Democratizing DNA Sequencing by Reducing Time, Cost and Informatics Bottleneck
Complete the form below to unlock access to ALL audio articles.
The Ion Proton™ Sequencer, priced at $149,000, is based on the next generation of semiconductor sequencing technology that has made its predecessor, the Ion Personal Genome Machine™ (PGM™), the fastest-selling sequencer in the world.
Up to now, it has taken weeks or months to sequence a human genome at a cost of $5,000 to $10,000 using optical-based sequencing technologies. The slow pace and the high instrument cost of $500,000 to $750,000 have limited human genome sequencing to relatively few research labs.
Baylor College of Medicine, Yale School of Medicine, and The Broad Institute, have each signed up for multiple Ion Proton™ Sequencers and will be the first customers to adopt this transformative technology.
Breaking the Cost and Time Barrier for Genomic Sequencing
"A genome sequence for $1,000 was a pipe-dream, just a few years ago," said Dr. Richard Gibbs, Director of the Human Genome Sequencing Center, Baylor College of Medicine. "A $1,000 genome in less than one day was not even on the radar, but will transform the clinical applications of sequencing."
"Cost, speed and accuracy are key elements in the use of DNA sequencing for both disease-gene discovery and clinical utility," said Dr. Richard Lifton, Chair of the Department of Genetics, Yale School of Medicine. "The technological advances in the new Ion Proton™ instrument promise to be game-changing for both research and clinical applications."
"We are excited about the paradigm-shifting potential of the new Proton Sequencer, which projects to sequence a human genome in just a few hours with only one run on a single machine," said Dr. Chad Nusbaum, co-director of the Broad Institute's Genome Sequencing and Analysis Program. "The platform's speed and power promise to enable both large-scale research and new clinical applications."
The Power of Benchtop Sequencing for All Applications
Between the benchtop Ion PGM™ Sequencer and the benchtop Ion Proton™ Sequencer, the Ion Torrent technology can cover any application. The Ion PGM™ Sequencer is ideal for sequencing genes, small genomes, panels of genes, or performing gene expression profiling, for as little as $99 a chip. The Ion PGM™ Sequencer's speed, simplicity and scalability also make it an ideal platform to extend into diagnostics. Life Technologies will seek FDA clearance for the Ion PGM™ platform in 2012.
The Ion Proton™ Sequencer is ideal for sequencing both exomes – regions in the DNA that code for protein – and human genomes. The Ion Proton™ I Chip, ideal for sequencing exomes, will be available mid-2012. The Ion Proton™ II Chip, ideal for sequencing whole human genomes, will be available about six months later. In addition, the Ion Proton™ OneTouch™ system automates template prep and a stand-alone Ion Proton™ Torrent Server performs the primary and secondary data analysis.
"Just six months after our first semiconductor sequencing chip was released, people used it to solve the German E. coli outbreak, sequencing the toxic strain in just a couple of hours," said Dr. Jonathan M. Rothberg, the Founder and CEO of the Ion Torrent division. "Now, six months later we're developing a chip that's 1,000 times more powerful than that to sequence an entire human genome in about the same amount of time. That's the power that semiconductors bring to sequencing."
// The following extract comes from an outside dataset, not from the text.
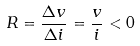Convert formula to latex. <formula><loc_0><loc_0><loc_500><loc_500>R = \frac { \Delta v } { \Delta i } = \frac { v } { i } < 0</formula>

Empowering Every Lab; Freedom from Informatics Bottleneck
The Ion Proton™ Sequencer and Ion Reporter analysis software are designed to analyze a single genome in one day on a stand-alone server – eliminating the informatics bottleneck and high-capital, IT investment associated with optical-based sequencers. The optical-based sequencers require costly IT infrastructure to analyze the large volume of data generated by running batches of six or more genomes at once. The approach drastically slows analysis, which can take weeks to complete and creates the bottleneck in the process.
Simpler Data Interpretation
Another major challenge in whole genome sequencing is the interpretation of the genetic data for use in diagnostic and treatment decisions. To solve this problem, Ion Torrent has sponsored a collaborative effort with Carnegie Mellon University to develop open-source software that will help clinicians interpret and understand genetic data for meaningful application. Ion Torrent is also collaborating with Yale Medical School to identify best practices for diagnostic development and gene discovery as a model for genome sequencing in a clinical setting.
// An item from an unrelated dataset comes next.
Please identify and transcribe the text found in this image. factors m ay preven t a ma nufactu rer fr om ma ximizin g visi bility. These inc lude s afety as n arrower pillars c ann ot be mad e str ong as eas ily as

"The huge variation in human genome sequence between individuals has always been an obstacle to understanding how to use sequence information to improve human health," said Dr. Robert F. Murphy, director of the Lane Center for Computational Biology in Carnegie Mellon's School of Computer Science, who will lead the multidisciplinary CMU team. "We believe new machine learning approaches will enable interpretation of personal genome sequences to help doctors diagnose and guide treatment in the near future."
All products referenced are for Research Use Only, and not intended for any animal or human therapeutic or diagnostic use.